BEGIN Exercise data

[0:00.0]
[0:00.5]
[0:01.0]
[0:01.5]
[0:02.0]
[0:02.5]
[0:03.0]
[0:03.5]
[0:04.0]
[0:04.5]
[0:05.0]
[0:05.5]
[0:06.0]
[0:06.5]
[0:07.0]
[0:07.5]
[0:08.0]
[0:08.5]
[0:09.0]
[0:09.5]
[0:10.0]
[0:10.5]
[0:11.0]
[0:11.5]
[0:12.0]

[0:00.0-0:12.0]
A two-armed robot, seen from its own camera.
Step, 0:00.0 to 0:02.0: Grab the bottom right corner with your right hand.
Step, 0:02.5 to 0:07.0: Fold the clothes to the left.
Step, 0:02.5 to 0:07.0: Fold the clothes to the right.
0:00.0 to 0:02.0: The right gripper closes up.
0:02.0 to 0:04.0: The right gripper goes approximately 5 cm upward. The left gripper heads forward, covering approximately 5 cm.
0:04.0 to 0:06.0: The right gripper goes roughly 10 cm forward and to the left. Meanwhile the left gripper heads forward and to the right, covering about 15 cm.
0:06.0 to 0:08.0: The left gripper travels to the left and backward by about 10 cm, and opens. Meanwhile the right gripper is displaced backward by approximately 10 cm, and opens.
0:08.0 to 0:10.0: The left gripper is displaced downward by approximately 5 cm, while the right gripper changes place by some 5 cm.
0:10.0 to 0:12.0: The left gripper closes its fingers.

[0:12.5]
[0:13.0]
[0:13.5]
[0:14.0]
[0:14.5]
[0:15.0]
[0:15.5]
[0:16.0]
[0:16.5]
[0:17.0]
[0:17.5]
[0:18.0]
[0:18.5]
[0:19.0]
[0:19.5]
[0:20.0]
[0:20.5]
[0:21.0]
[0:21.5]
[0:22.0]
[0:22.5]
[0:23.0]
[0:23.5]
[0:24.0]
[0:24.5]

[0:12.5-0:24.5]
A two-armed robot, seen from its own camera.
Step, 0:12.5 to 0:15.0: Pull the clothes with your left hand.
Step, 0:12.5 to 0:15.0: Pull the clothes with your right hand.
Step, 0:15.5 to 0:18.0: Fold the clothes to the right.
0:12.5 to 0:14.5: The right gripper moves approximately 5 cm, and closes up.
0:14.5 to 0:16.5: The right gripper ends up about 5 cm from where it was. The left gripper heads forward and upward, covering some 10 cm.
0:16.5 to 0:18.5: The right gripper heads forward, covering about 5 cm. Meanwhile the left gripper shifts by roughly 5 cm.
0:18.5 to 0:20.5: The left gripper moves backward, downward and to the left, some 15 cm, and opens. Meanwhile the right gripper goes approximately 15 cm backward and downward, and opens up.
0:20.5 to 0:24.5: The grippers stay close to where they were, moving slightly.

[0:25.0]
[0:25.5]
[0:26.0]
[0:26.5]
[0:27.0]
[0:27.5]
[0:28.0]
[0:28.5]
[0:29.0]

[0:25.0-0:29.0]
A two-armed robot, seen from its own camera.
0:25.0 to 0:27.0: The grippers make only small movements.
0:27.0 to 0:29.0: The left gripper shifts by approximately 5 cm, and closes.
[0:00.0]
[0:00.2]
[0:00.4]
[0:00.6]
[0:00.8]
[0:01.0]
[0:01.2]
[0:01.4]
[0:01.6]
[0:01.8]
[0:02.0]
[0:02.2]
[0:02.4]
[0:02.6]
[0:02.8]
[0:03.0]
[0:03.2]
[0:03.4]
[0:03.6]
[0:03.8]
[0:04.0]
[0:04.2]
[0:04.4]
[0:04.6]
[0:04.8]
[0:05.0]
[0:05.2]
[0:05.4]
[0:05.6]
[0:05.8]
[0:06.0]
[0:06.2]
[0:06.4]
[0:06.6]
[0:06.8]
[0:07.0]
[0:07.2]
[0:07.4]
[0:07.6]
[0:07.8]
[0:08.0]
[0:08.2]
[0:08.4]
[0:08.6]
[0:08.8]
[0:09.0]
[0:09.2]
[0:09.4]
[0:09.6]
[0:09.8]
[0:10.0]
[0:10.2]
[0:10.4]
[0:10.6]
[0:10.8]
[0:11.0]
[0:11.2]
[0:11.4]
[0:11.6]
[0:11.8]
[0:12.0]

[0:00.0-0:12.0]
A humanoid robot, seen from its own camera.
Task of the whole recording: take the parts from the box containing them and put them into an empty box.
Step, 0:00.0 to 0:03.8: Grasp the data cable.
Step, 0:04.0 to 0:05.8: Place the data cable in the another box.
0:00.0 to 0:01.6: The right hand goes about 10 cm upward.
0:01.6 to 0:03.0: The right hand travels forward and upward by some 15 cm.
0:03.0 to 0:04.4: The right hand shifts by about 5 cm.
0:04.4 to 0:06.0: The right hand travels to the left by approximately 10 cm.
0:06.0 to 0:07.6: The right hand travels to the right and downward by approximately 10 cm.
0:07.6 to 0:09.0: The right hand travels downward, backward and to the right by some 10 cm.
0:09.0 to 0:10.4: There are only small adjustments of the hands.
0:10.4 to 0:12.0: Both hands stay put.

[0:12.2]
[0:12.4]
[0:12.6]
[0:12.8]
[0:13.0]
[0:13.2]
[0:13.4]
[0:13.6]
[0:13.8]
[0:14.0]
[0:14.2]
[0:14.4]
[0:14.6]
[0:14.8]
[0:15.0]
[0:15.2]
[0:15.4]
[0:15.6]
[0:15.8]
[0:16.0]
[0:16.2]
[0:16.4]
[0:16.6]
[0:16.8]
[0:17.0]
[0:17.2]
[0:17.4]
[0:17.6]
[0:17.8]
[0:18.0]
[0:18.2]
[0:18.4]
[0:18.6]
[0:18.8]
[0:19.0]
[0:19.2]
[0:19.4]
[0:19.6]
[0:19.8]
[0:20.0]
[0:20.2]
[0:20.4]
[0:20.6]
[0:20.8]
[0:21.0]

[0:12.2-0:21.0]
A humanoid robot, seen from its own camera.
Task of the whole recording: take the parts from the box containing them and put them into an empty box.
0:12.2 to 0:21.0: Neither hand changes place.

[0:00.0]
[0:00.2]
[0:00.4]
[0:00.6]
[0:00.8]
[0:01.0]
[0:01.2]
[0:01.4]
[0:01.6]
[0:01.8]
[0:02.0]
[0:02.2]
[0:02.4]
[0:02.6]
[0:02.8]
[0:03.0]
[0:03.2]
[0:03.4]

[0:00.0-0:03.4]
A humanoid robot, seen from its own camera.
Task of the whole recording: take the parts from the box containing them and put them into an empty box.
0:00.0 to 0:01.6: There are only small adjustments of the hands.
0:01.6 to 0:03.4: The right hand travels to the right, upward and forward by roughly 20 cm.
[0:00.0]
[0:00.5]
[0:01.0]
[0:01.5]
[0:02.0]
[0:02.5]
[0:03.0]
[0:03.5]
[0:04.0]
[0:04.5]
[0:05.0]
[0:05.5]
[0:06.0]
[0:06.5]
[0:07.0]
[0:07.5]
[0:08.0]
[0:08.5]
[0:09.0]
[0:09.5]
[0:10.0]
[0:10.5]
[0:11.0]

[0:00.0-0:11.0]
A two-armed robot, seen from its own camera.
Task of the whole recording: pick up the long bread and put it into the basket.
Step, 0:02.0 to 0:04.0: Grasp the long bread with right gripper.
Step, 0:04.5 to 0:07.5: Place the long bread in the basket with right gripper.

END Exercise data

→ Exercise directions
Your job is to reproduce the listing exactly.

→ Your response
[0:00.0]
[0:00.5]
[0:01.0]
[0:01.5]
[0:02.0]
[0:02.5]
[0:03.0]
[0:03.5]
[0:04.0]
[0:04.5]
[0:05.0]
[0:05.5]
[0:06.0]
[0:06.5]
[0:07.0]
[0:07.5]
[0:08.0]
[0:08.5]
[0:09.0]
[0:09.5]
[0:10.0]
[0:10.5]
[0:11.0]
[0:11.5]
[0:12.0]

[0:00.0-0:12.0]
A two-armed robot, seen from its own camera.
Step, 0:00.0 to 0:02.0: Grab the bottom right corner with your right hand.
Step, 0:02.5 to 0:07.0: Fold the clothes to the left.
Step, 0:02.5 to 0:07.0: Fold the clothes to the right.
0:00.0 to 0:02.0: The right gripper closes up.
0:02.0 to 0:04.0: The right gripper goes approximately 5 cm upward. The left gripper heads forward, covering approximately 5 cm.
0:04.0 to 0:06.0: The right gripper goes roughly 10 cm forward and to the left. Meanwhile the left gripper heads forward and to the right, covering about 15 cm.
0:06.0 to 0:08.0: The left gripper travels to the left and backward by about 10 cm, and opens. Meanwhile the right gripper is displaced backward by approximately 10 cm, and opens.
0:08.0 to 0:10.0: The left gripper is displaced downward by approximately 5 cm, while the right gripper changes place by some 5 cm.
0:10.0 to 0:12.0: The left gripper closes its fingers.

[0:12.5]
[0:13.0]
[0:13.5]
[0:14.0]
[0:14.5]
[0:15.0]
[0:15.5]
[0:16.0]
[0:16.5]
[0:17.0]
[0:17.5]
[0:18.0]
[0:18.5]
[0:19.0]
[0:19.5]
[0:20.0]
[0:20.5]
[0:21.0]
[0:21.5]
[0:22.0]
[0:22.5]
[0:23.0]
[0:23.5]
[0:24.0]
[0:24.5]

[0:12.5-0:24.5]
A two-armed robot, seen from its own camera.
Step, 0:12.5 to 0:15.0: Pull the clothes with your left hand.
Step, 0:12.5 to 0:15.0: Pull the clothes with your right hand.
Step, 0:15.5 to 0:18.0: Fold the clothes to the right.
0:12.5 to 0:14.5: The right gripper moves approximately 5 cm, and closes up.
0:14.5 to 0:16.5: The right gripper ends up about 5 cm from where it was. The left gripper heads forward and upward, covering some 10 cm.
0:16.5 to 0:18.5: The right gripper heads forward, covering about 5 cm. Meanwhile the left gripper shifts by roughly 5 cm.
0:18.5 to 0:20.5: The left gripper moves backward, downward and to the left, some 15 cm, and opens. Meanwhile the right gripper goes approximately 15 cm backward and downward, and opens up.
0:20.5 to 0:24.5: The grippers stay close to where they were, moving slightly.

[0:25.0]
[0:25.5]
[0:26.0]
[0:26.5]
[0:27.0]
[0:27.5]
[0:28.0]
[0:28.5]
[0:29.0]

[0:25.0-0:29.0]
A two-armed robot, seen from its own camera.
0:25.0 to 0:27.0: The grippers make only small movements.
0:27.0 to 0:29.0: The left gripper shifts by approximately 5 cm, and closes.
[0:00.0]
[0:00.2]
[0:00.4]
[0:00.6]
[0:00.8]
[0:01.0]
[0:01.2]
[0:01.4]
[0:01.6]
[0:01.8]
[0:02.0]
[0:02.2]
[0:02.4]
[0:02.6]
[0:02.8]
[0:03.0]
[0:03.2]
[0:03.4]
[0:03.6]
[0:03.8]
[0:04.0]
[0:04.2]
[0:04.4]
[0:04.6]
[0:04.8]
[0:05.0]
[0:05.2]
[0:05.4]
[0:05.6]
[0:05.8]
[0:06.0]
[0:06.2]
[0:06.4]
[0:06.6]
[0:06.8]
[0:07.0]
[0:07.2]
[0:07.4]
[0:07.6]
[0:07.8]
[0:08.0]
[0:08.2]
[0:08.4]
[0:08.6]
[0:08.8]
[0:09.0]
[0:09.2]
[0:09.4]
[0:09.6]
[0:09.8]
[0:10.0]
[0:10.2]
[0:10.4]
[0:10.6]
[0:10.8]
[0:11.0]
[0:11.2]
[0:11.4]
[0:11.6]
[0:11.8]
[0:12.0]

[0:00.0-0:12.0]
A humanoid robot, seen from its own camera.
Task of the whole recording: take the parts from the box containing them and put them into an empty box.
Step, 0:00.0 to 0:03.8: Grasp the data cable.
Step, 0:04.0 to 0:05.8: Place the data cable in the another box.
0:00.0 to 0:01.6: The right hand goes about 10 cm upward.
0:01.6 to 0:03.0: The right hand travels forward and upward by some 15 cm.
0:03.0 to 0:04.4: The right hand shifts by about 5 cm.
0:04.4 to 0:06.0: The right hand travels to the left by approximately 10 cm.
0:06.0 to 0:07.6: The right hand travels to the right and downward by approximately 10 cm.
0:07.6 to 0:09.0: The right hand travels downward, backward and to the right by some 10 cm.
0:09.0 to 0:10.4: There are only small adjustments of the hands.
0:10.4 to 0:12.0: Both hands stay put.

[0:12.2]
[0:12.4]
[0:12.6]
[0:12.8]
[0:13.0]
[0:13.2]
[0:13.4]
[0:13.6]
[0:13.8]
[0:14.0]
[0:14.2]
[0:14.4]
[0:14.6]
[0:14.8]
[0:15.0]
[0:15.2]
[0:15.4]
[0:15.6]
[0:15.8]
[0:16.0]
[0:16.2]
[0:16.4]
[0:16.6]
[0:16.8]
[0:17.0]
[0:17.2]
[0:17.4]
[0:17.6]
[0:17.8]
[0:18.0]
[0:18.2]
[0:18.4]
[0:18.6]
[0:18.8]
[0:19.0]
[0:19.2]
[0:19.4]
[0:19.6]
[0:19.8]
[0:20.0]
[0:20.2]
[0:20.4]
[0:20.6]
[0:20.8]
[0:21.0]

[0:12.2-0:21.0]
A humanoid robot, seen from its own camera.
Task of the whole recording: take the parts from the box containing them and put them into an empty box.
0:12.2 to 0:21.0: Neither hand changes place.

[0:00.0]
[0:00.2]
[0:00.4]
[0:00.6]
[0:00.8]
[0:01.0]
[0:01.2]
[0:01.4]
[0:01.6]
[0:01.8]
[0:02.0]
[0:02.2]
[0:02.4]
[0:02.6]
[0:02.8]
[0:03.0]
[0:03.2]
[0:03.4]

[0:00.0-0:03.4]
A humanoid robot, seen from its own camera.
Task of the whole recording: take the parts from the box containing them and put them into an empty box.
0:00.0 to 0:01.6: There are only small adjustments of the hands.
0:01.6 to 0:03.4: The right hand travels to the right, upward and forward by roughly 20 cm.
[0:00.0]
[0:00.5]
[0:01.0]
[0:01.5]
[0:02.0]
[0:02.5]
[0:03.0]
[0:03.5]
[0:04.0]
[0:04.5]
[0:05.0]
[0:05.5]
[0:06.0]
[0:06.5]
[0:07.0]
[0:07.5]
[0:08.0]
[0:08.5]
[0:09.0]
[0:09.5]
[0:10.0]
[0:10.5]
[0:11.0]

[0:00.0-0:11.0]
A two-armed robot, seen from its own camera.
Task of the whole recording: pick up the long bread and put it into the basket.
Step, 0:02.0 to 0:04.0: Grasp the long bread with right gripper.
Step, 0:04.5 to 0:07.5: Place the long bread in the basket with right gripper.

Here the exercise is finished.